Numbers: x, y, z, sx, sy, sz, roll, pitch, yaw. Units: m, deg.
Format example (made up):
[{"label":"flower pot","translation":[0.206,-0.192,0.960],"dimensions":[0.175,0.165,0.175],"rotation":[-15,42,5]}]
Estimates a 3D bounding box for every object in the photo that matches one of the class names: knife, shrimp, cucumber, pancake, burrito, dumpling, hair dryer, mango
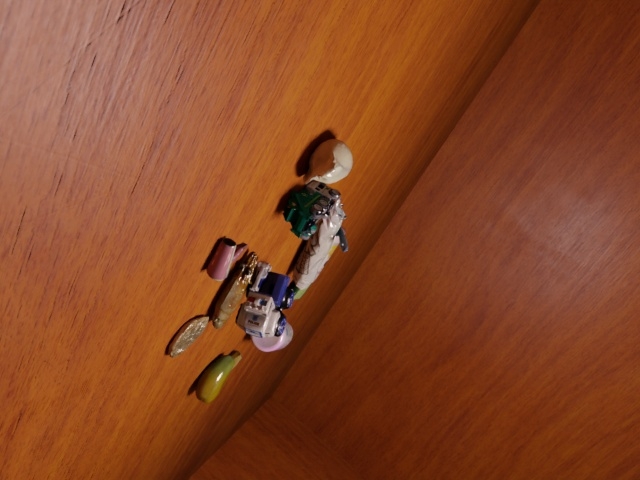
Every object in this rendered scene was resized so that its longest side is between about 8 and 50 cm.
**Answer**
[{"label":"knife","translation":[0.071,-0.032,1.766],"dimensions":[0.045,0.019,0.313],"rotation":[-57,-160,21]},{"label":"shrimp","translation":[-0.249,0.145,1.384],"dimensions":[0.294,0.062,0.154],"rotation":[-57,179,28]},{"label":"cucumber","translation":[-0.101,0.208,2.062],"dimensions":[0.115,0.062,0.116],"rotation":[-56,160,7]},{"label":"pancake","translation":[-0.378,0.275,1.330],"dimensions":[0.152,0.025,0.152],"rotation":[-50,167,-17]},{"label":"burrito","translation":[0.000,0.000,1.761],"dimensions":[0.139,0.101,0.446],"rotation":[-73,-173,-54]},{"label":"dumpling","translation":[0.015,-0.209,1.289],"dimensions":[0.155,0.111,0.181],"rotation":[-25,170,21]},{"label":"hair dryer","translation":[-0.230,0.033,1.192],"dimensions":[0.106,0.054,0.154],"rotation":[-62,175,19]},{"label":"mango","translation":[-0.401,0.525,1.768],"dimensions":[0.195,0.091,0.130],"rotation":[-52,167,-27]}]

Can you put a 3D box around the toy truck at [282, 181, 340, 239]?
[{"label":"toy truck","translation":[-0.034,-0.102,1.364],"dimensions":[0.110,0.116,0.216],"rotation":[-61,173,36]}]

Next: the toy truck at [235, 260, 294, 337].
[{"label":"toy truck","translation":[-0.178,0.188,1.448],"dimensions":[0.177,0.161,0.213],"rotation":[90,16,-63]}]

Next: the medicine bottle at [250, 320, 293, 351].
[{"label":"medicine bottle","translation":[-0.205,0.407,2.023],"dimensions":[0.152,0.152,0.254],"rotation":[-52,167,-3]}]

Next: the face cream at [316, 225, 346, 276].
[{"label":"face cream","translation":[0.014,0.050,2.030],"dimensions":[0.269,0.073,0.107],"rotation":[-58,175,14]}]

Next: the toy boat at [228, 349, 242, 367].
[{"label":"toy boat","translation":[-0.384,0.508,1.887],"dimensions":[0.149,0.048,0.047],"rotation":[-42,133,-35]}]
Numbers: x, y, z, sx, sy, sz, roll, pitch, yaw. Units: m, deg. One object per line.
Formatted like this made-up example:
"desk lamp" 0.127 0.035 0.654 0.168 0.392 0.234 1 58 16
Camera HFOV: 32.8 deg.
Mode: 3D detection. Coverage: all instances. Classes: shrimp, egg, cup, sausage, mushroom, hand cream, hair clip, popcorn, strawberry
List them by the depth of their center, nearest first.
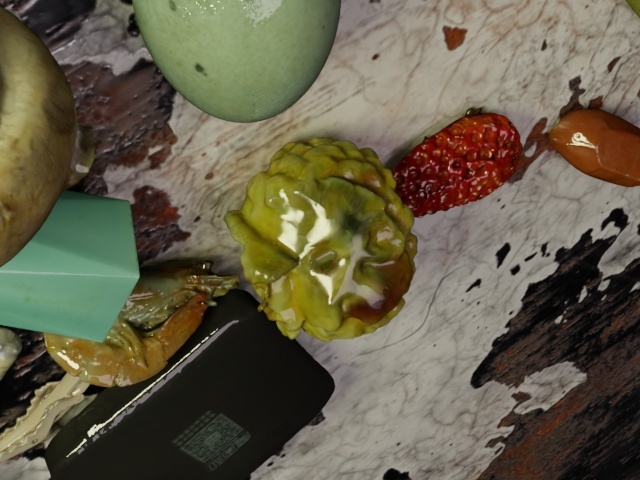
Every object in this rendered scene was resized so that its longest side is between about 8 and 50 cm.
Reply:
"mushroom" -0.283 -0.083 0.752 0.255 0.255 0.184 -15 146 -30
"egg" -0.067 -0.202 0.877 0.169 0.169 0.236 -25 141 -21
"cup" -0.292 0.008 0.923 0.236 0.134 0.148 11 115 -41
"hand cream" -0.345 0.143 1.073 0.061 0.039 0.143 15 120 -49
"shrimp" -0.174 0.079 1.100 0.217 0.115 0.051 -19 171 -32
"popcorn" 0.001 0.002 1.134 0.189 0.169 0.218 -29 104 -7
"hair clip" -0.276 0.169 1.155 0.226 0.034 0.072 -47 142 6
"strawberry" 0.159 -0.073 1.265 0.188 0.082 0.121 -31 143 -18
"sausage" 0.374 -0.118 1.401 0.179 0.089 0.089 12 118 -35

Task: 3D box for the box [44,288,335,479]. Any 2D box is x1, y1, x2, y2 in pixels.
"box" -0.142 0.204 1.257 0.290 0.073 0.289 -41 146 -1

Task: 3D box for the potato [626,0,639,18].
"potato" 0.465 -0.289 1.281 0.298 0.141 0.176 2 112 -33
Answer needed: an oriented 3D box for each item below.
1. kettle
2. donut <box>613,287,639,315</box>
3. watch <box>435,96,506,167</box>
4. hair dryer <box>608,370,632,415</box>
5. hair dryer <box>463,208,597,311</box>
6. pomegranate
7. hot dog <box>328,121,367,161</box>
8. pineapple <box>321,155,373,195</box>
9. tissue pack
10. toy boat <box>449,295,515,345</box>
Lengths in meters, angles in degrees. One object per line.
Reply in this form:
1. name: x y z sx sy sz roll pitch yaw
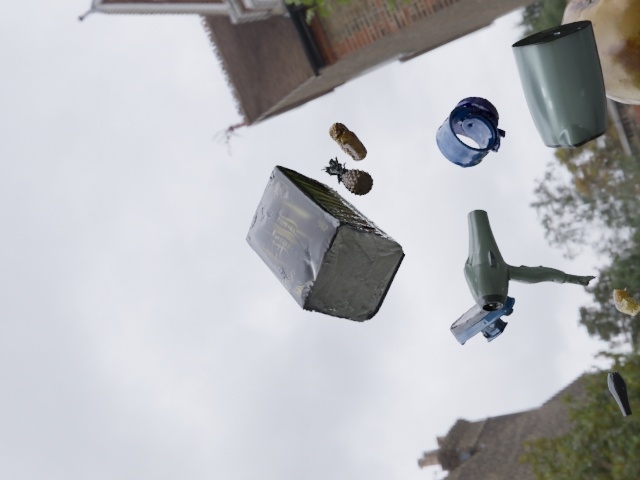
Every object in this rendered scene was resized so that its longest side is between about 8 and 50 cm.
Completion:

_ _ _

Set down the line containing "7. hot dog <box>328,121,367,161</box>", then every later line through the end of the material, exactly as written; omit any picture.

• _Written response_
7. hot dog <box>328,121,367,161</box>
8. pineapple <box>321,155,373,195</box>
9. tissue pack
10. toy boat <box>449,295,515,345</box>
Lengths in meters, angles in degrees. One object per line.
Reply in this form:
1. name: x y z sx sy sz roll pitch yaw
Every object in this rendered scene was resized so that its longest side is between about 8 and 50 cm.
Completion:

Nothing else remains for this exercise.